Early in my professional career I worked for a major manufacturer of turf equipment ' a successful company with a high-level image and leading brand. Customers included the best golf courses and resorts throughout the world. When I joined the company just out of grad school, I actually joined as a product manager in a small, almost entrepreneurial, upstart division that sold decidedly different equipment than the company's more traditional offerings. It was a division created because of an acquisition. And rather than golf courses and resorts, our customers were the operators of landfills and compost sites. This particular business required that we figuratively and quite literally get our hands dirty.

What got me thinking again about Bring It To Your Customers was the difficulty I remember us having way back when in simply finding potential customers. We had difficulty bringing it to our customers because organizationally we didn't know how or were perhaps a bit unwilling to bring it to these particular customers.
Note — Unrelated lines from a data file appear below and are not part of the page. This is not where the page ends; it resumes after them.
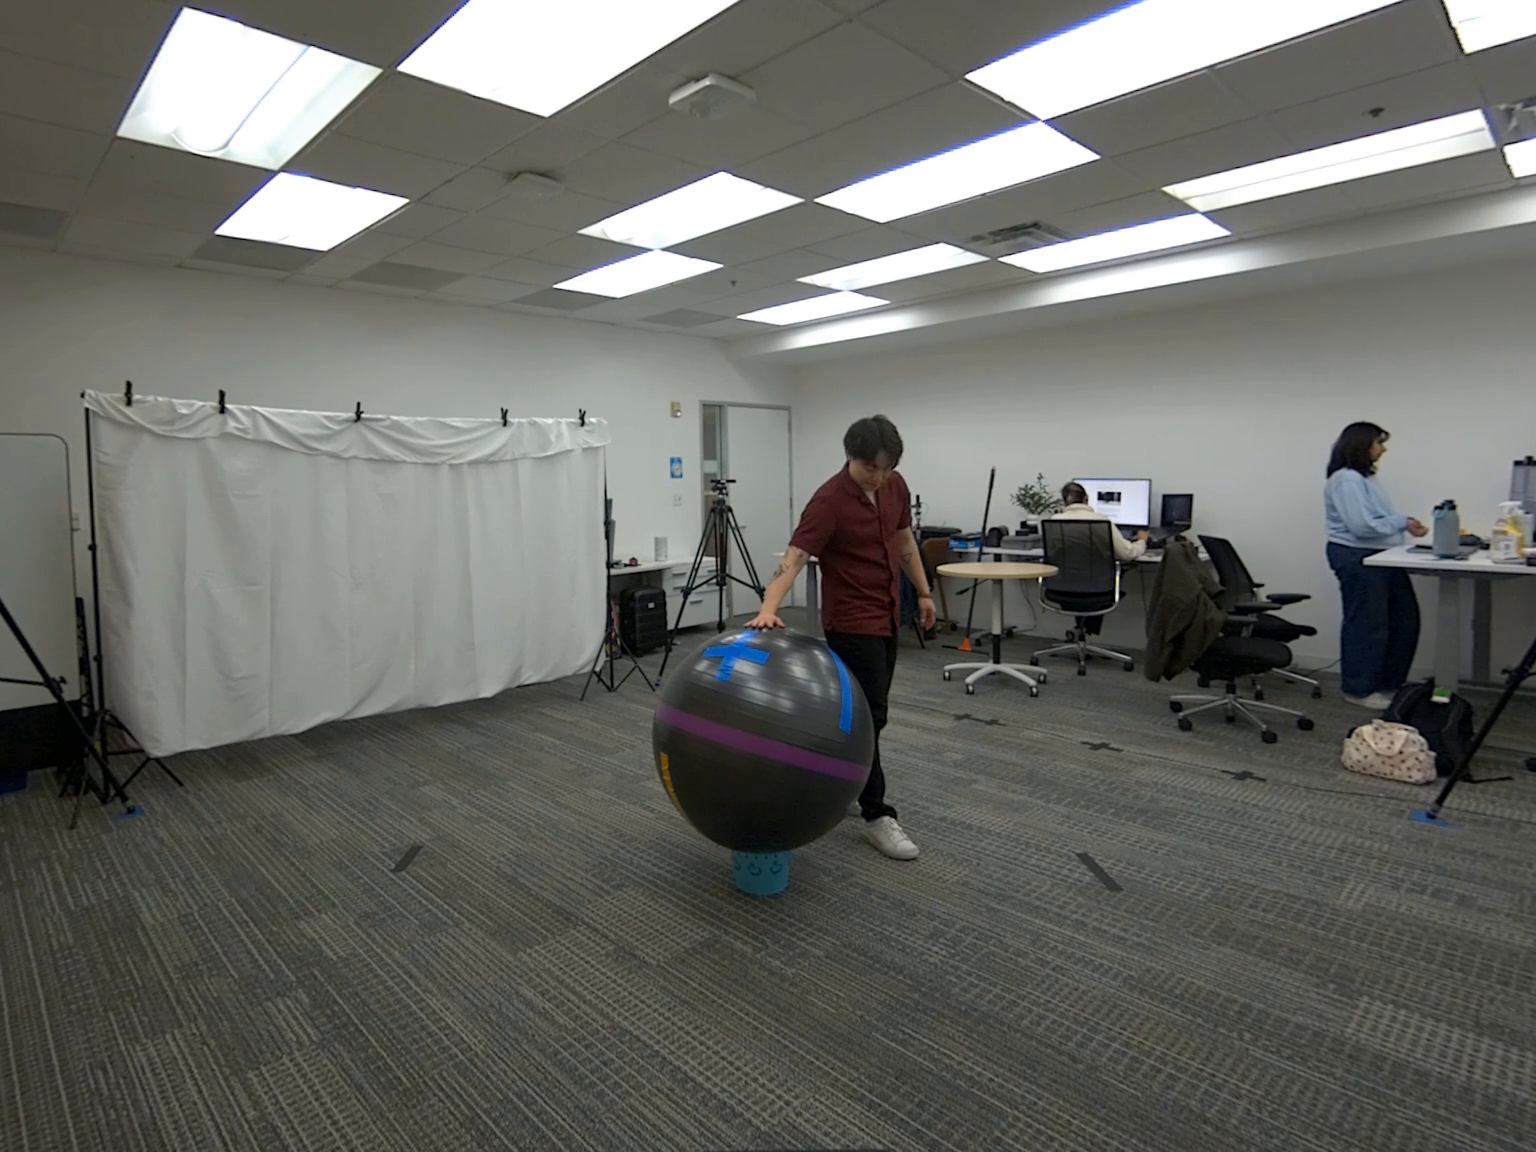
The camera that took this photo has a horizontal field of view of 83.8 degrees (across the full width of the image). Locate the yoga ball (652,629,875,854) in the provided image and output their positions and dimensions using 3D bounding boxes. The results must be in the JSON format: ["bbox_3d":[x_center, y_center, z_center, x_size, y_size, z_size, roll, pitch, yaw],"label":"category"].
[{"bbox_3d":[-0.018,0.552,2.953,0.757,0.755,0.762,-1,5,-2],"label":"yoga ball"}]
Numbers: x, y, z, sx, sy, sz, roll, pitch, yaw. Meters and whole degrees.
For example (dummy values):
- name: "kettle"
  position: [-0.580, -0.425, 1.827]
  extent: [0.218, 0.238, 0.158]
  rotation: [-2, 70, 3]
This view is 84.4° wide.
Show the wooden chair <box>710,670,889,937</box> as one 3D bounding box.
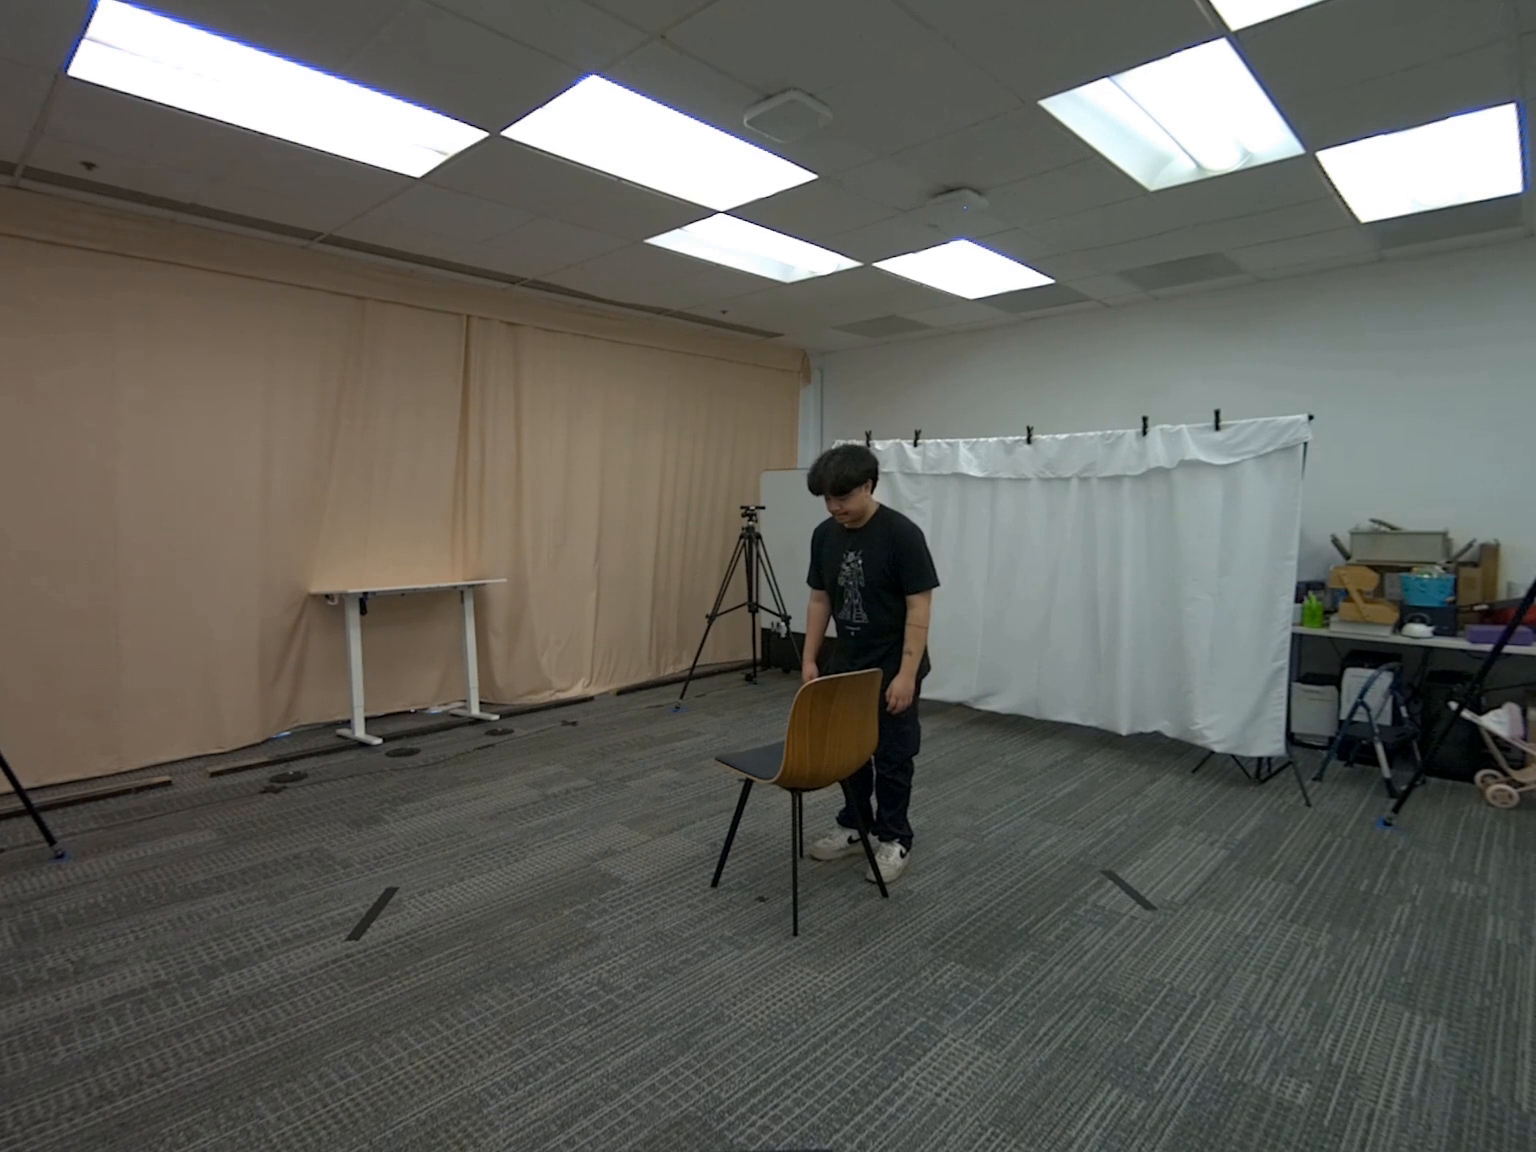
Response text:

Landfills and compost sites were inconsistent with the attitude and image the overall organization had of itself. It impeded I believe our ability to effectively identify and reach this audience. We actually developed a variety of interesting innovations for our equipment. But much of our potential audience never heard about them.

I remember telling my corporate colleagues and distributors (all of whom were reared in the company's traditional businesses) that we needed to do everything we possibly could to find the rocks our potential customers were crawling out from under and be there to shake their hands. For being a small group essentially in a turnaround situation after an acquisition, I'd say we did fairly well to grow the business. We had much going against us though, not the least of which was our own corporate culture and the image of ourselves as an overall organization.

If the image your organization has of itself and the innovations you're attempting to take to potential customers are not aligned with the customers themselves, you will not achieve the success you hope for. Divest of the business. That's what we did.